4

4

С каждым месяцем все больше и больше обнаруживалось слабых и опустившихся людей – как им всем помочь? И клеймо блокады отпечатывалось даже на лицах дворников, чьи места считались «хлебными» – не все ведь воровали. И. С. Глазунов рассказывал, что члены его семьи, пытаясь похоронить бабушку, просили «толстую до войны, а теперь не узнаваемо тощую как скелет, добрую тетю Шуру, дворничиху взять вместо 350 граммов хлеба 200». Добавили еще 100 руб. – и «лишь после долгих уговоров она согласилась»[1219]. Д. С. Лихачев вспоминал, как стал отказываться дворник, помогавший ему ранее, носить дрова[1220]. И даже в цензурованном биографическом очерке 1940-х гг. было отмечено, что не хотел дворник идти с дружинницей в «выморочные» квартиры, хотя это являлось его долгом[1221]. Ломались и они, как надеялись, более стойкие, под свинцовой тяжестью блокады.

Окончательно ли в «смертное время» изгладились следы дружеского общения живших рядом людей?
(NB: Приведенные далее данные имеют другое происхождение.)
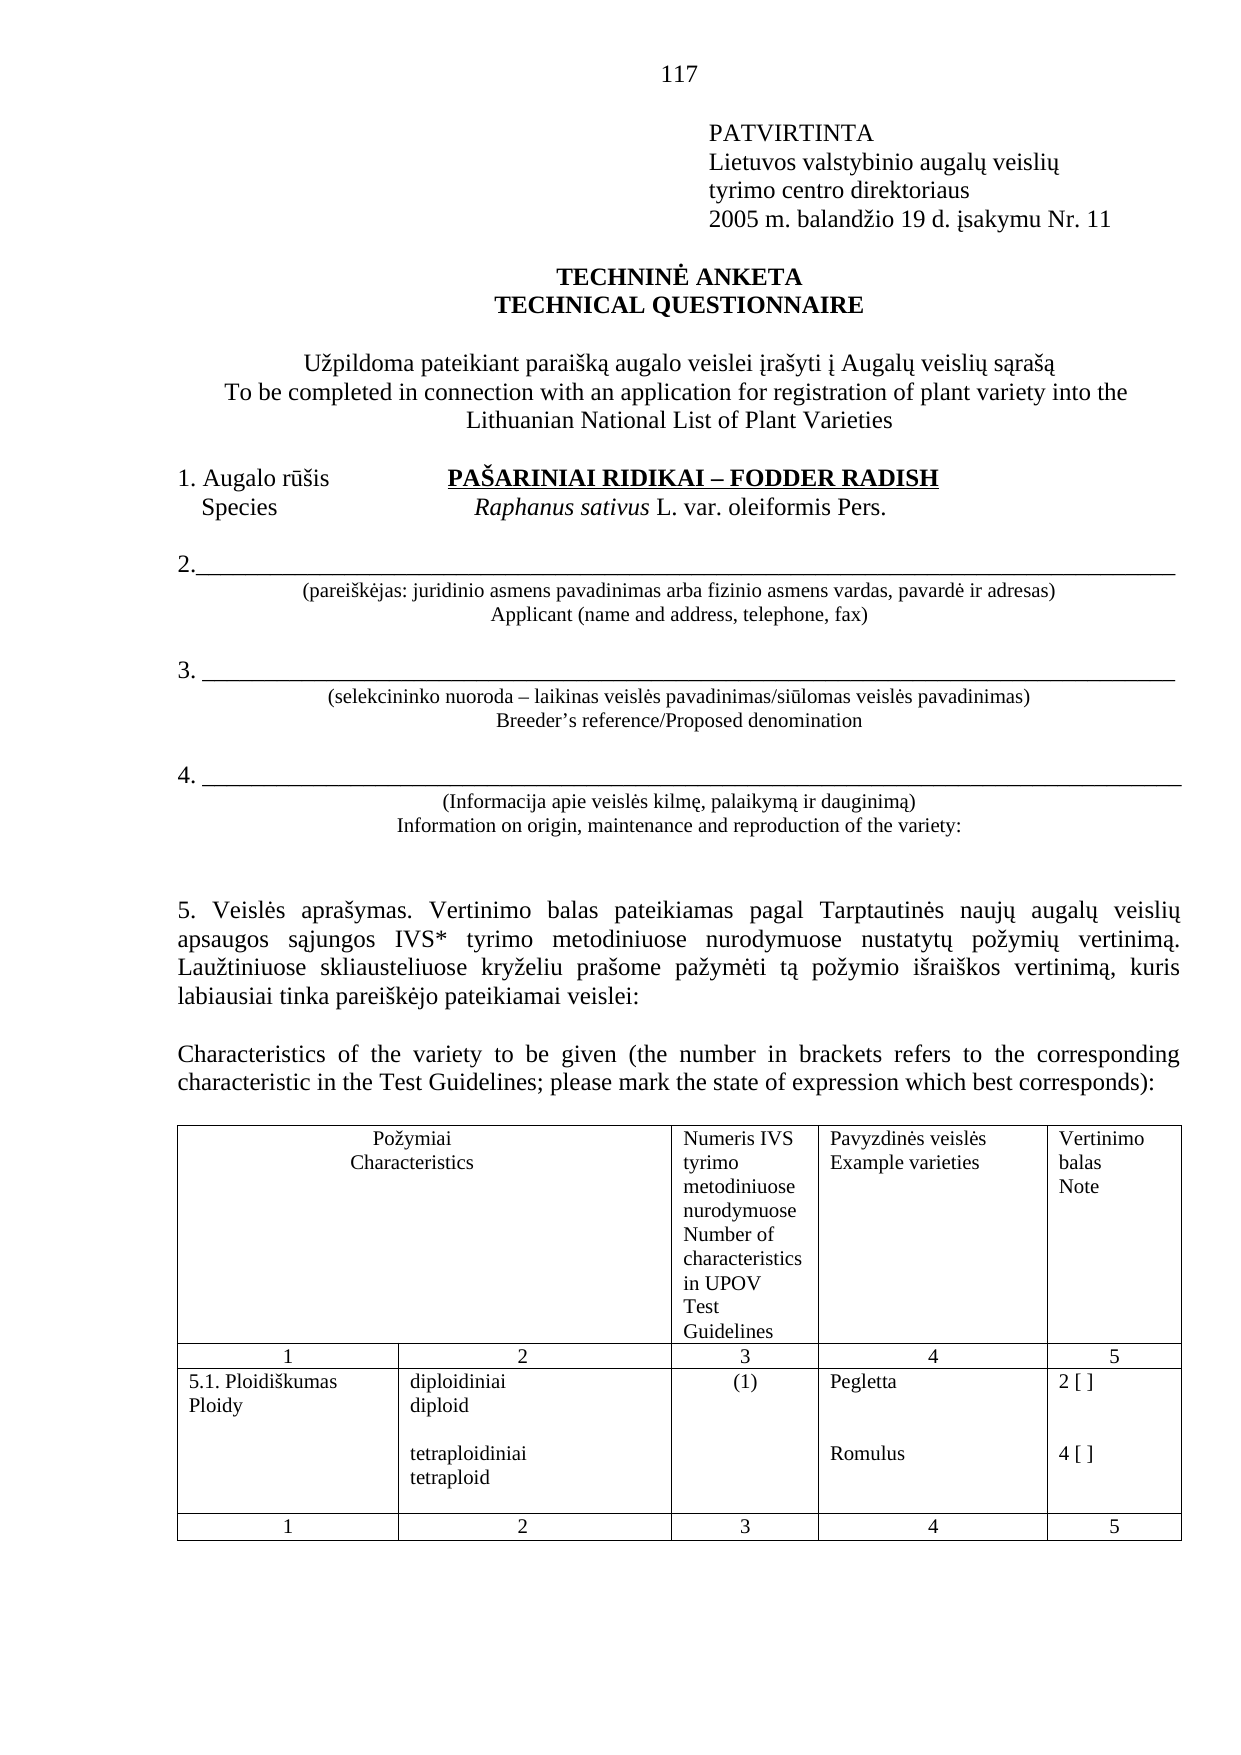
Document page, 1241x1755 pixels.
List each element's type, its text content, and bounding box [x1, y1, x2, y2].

table_cell [647, 1344, 671, 1368]
text Užpildoma pateikiant paraišką augalo veislei įrašyti į Augalų veislių sąrašą [177, 348, 1181, 377]
text 5. Veislės aprašymas. Vertinimo balas pateikiamas pagal Tarptautinės naujų augalų veislių apsaugos sąjungos IVS* tyrimo metodiniuose nurodymuose nustatytų požymių vertinimą. Laužtiniuose skliausteliuose kryželiu prašome pažymėti tą požymio išraiškos vertinimą, kuris labiausiai tinka pareiškėjo pateikiamai veislei: [177, 895, 1181, 1010]
text 2005 m. balandžio 19 d. įsakymu Nr. 11 [177, 204, 1181, 233]
text To be completed in connection with an application for registration of plant variety into the [177, 377, 1181, 406]
table_header Požymiai Characteristics [178, 1126, 647, 1343]
text 4. [177, 761, 1181, 789]
table_cell 5.1. Ploidiškumas Ploidy [178, 1369, 398, 1513]
text TECHNICAL QUESTIONNAIRE [177, 291, 1181, 319]
text Lithuanian National List of Plant Varieties [177, 406, 1181, 434]
table_cell 4 [819, 1344, 1047, 1368]
table_header Pavyzdinės veislės Example varieties [819, 1126, 1047, 1343]
table_cell 5 [1048, 1344, 1181, 1368]
table_header [647, 1126, 671, 1343]
table_cell 1 [178, 1344, 398, 1368]
text (selekcininko nuoroda – laikinas veislės pavadinimas/siūlomas veislės pavadinimas) [177, 684, 1181, 708]
text PATVIRTINTA [177, 118, 1181, 147]
table_cell 4 [819, 1514, 1047, 1540]
table_cell [647, 1514, 671, 1540]
text Characteristics of the variety to be given (the number in brackets refers to the corresponding characteristic in the Test Guidelines; please mark the state of expression which best corresponds): [177, 1039, 1181, 1096]
table_cell 1 [178, 1514, 398, 1540]
text 2. [177, 549, 1181, 578]
text Applicant (name and address, telephone, fax) [177, 602, 1181, 626]
table_cell 2 [399, 1344, 647, 1368]
table_cell 3 [672, 1514, 818, 1540]
table_cell diploidiniai diploid tetraploidiniai tetraploid [399, 1369, 647, 1513]
text 1. Augalo rūšis PAŠARINIAI RIDIKAI – FODDER RADISH [177, 463, 1181, 492]
text Lietuvos valstybinio augalų veislių [177, 147, 1181, 176]
text TECHNINĖ anketa [177, 262, 1181, 291]
table_cell Pegletta Romulus [819, 1369, 1047, 1513]
text Information on origin, maintenance and reproduction of the variety: [177, 813, 1181, 837]
table_cell 2 [ ] 4 [ ] [1048, 1369, 1181, 1513]
text (Informacija apie veislės kilmę, palaikymą ir dauginimą) [177, 789, 1181, 813]
text Species Raphanus sativus L. var. oleiformis Pers. [177, 492, 1181, 521]
table_cell 5 [1048, 1514, 1181, 1540]
text Breeder’s reference/Proposed denomination [177, 708, 1181, 732]
table_cell [647, 1369, 671, 1513]
text tyrimo centro direktoriaus [177, 176, 1181, 204]
table_cell (1) [672, 1369, 818, 1513]
table_header Vertinimo balas Note [1048, 1126, 1181, 1343]
text (pareiškėjas: juridinio asmens pavadinimas arba fizinio asmens vardas, pavardė ir adresas) [177, 578, 1181, 602]
table_cell 2 [399, 1514, 647, 1540]
table_header Numeris IVS tyrimo metodiniuose nurodymuose Number of characteristics in UPOV Test Guidelines [672, 1126, 818, 1343]
table_cell 3 [672, 1344, 818, 1368]
text 3. [177, 655, 1181, 684]

Нет. В рутине блокадного прозябания они не всегда различимы, но там, где человек находился на пороге смерти, где его участь вызывала неизменное чувство жалости — там милосердие иногда оказывалось выше черствости и своекорыстных расчетов.

Первое движение – самое благородное. Дошедшие до последней черты люди, невзирая на стыд, стучались в любые двери, просили, плакали, умоляли. И застигнутые врасплох соседи, такие же истощенные, не всегда готовые поделиться с другими, старались что-то им дать, пусть и немного. А нередко и прямо предлагали помощь без просьб – ни отвернуться, ни пройти мимо не могли. Соседка В. Кулябко, узнав, что у него мало еды, принесла ему 300 гр. хлеба и пачку риса-сечки. «Недалекий, но добрый она человек», – записал В. Кулябко в дневнике 17 сентября 1941 г.[1222].
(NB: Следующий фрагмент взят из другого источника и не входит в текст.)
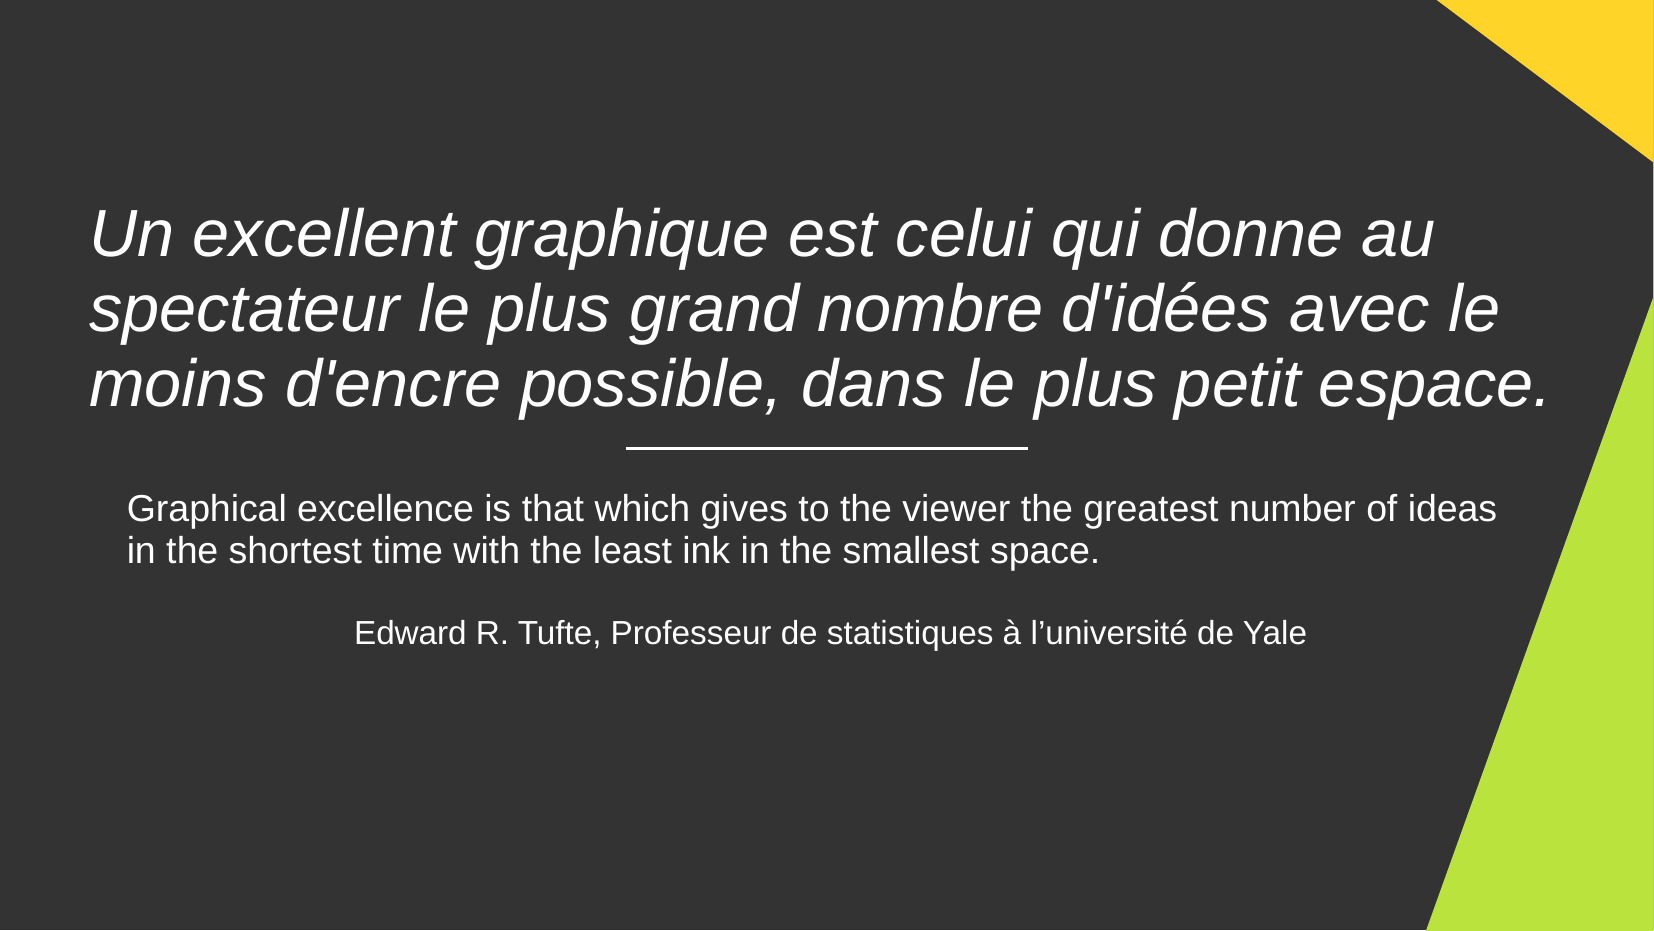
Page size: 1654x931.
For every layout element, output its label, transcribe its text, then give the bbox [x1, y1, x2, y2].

Сколько же держалось на этих «недалеких» людях, жалостливых, не умеющих ловко увернуться от просящего взгляда и тут же, в первую минуту, растерянно ищущих, чем бы помочь! Могут возразить, что в сентябре 1941 г. и голода еще не было – но ведь то же мы наблюдаем и позднее. «Все было. И с соседями сухарями делились – последний кусок пополам, а видит, плохо человеку, так и совсем все отдаст», – вспоминала Р. В. Машукова[1223]. Это не патетический возглас, обычный для блокадников, говорящих о прошлом и желающих видеть его в нарочито облагороженном виде. Вот история «выморочной» квартиры: умерла женщина, ее муж, обессилевший от голода, лежит рядом с ней и не может отодвинуться. Описание соседки, помогавшей ему, нескладно и прерывисто – это верный признак испытанной ею горечи и волнения: «И вот мама следила, чтобы огонек был, чтобы он лежал, то… кипяточек разогревала и горячий ему поила»[1224]. Чувство жалости многое объясняет и в поступках другой блокадницы. К ней в квартиру вселили из разбомбленного дома женщину с двумя детьми – и по сбивчивому рассказу мы отчасти поймем, почему оказывалось неистребимым милосердие: «Три года мальчонка был и девчушечка еще, совсем маленькая девчушечка… Я вот начинаю печь эти штучки [лепешки из овса. – С. Я.], он придет в комнату, смотрит: „Пети, пети“– лепешку так называет, и вот я ему эти лепешки, лепешки и этого мальчонку тоже подкармливала. Просто я прямо не могла…»[1225].